__What to produce__: Pictures aside, reproduce exactly and only the lines below, starting at the one containing "#2 bicyclist on a bicycle [1036,434,1070,497]" and ending at the last line.

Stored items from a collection

□ □ □

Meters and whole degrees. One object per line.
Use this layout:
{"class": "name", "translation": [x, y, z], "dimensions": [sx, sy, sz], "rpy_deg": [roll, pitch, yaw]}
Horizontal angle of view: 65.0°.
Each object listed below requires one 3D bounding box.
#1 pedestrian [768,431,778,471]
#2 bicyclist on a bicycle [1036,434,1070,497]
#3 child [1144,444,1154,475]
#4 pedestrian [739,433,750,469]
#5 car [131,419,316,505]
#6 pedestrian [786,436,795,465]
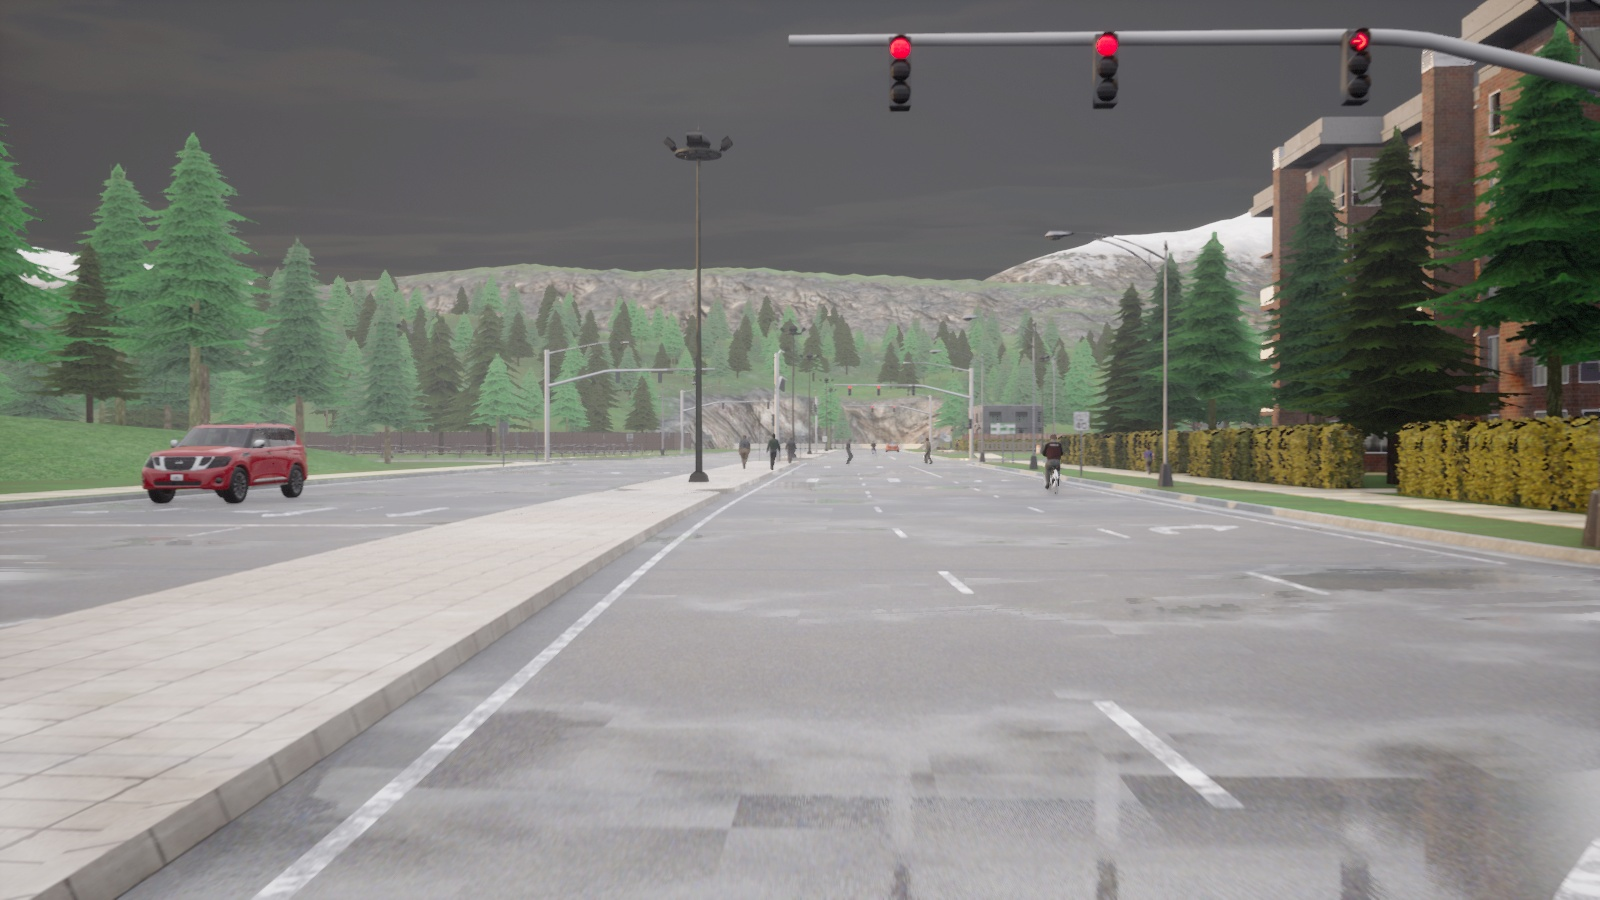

□ □ □

__Answer space__:
#2 bicyclist on a bicycle [1036,434,1070,497]
#3 child [1144,444,1154,475]
#4 pedestrian [739,433,750,469]
#5 car [131,419,316,505]
#6 pedestrian [786,436,795,465]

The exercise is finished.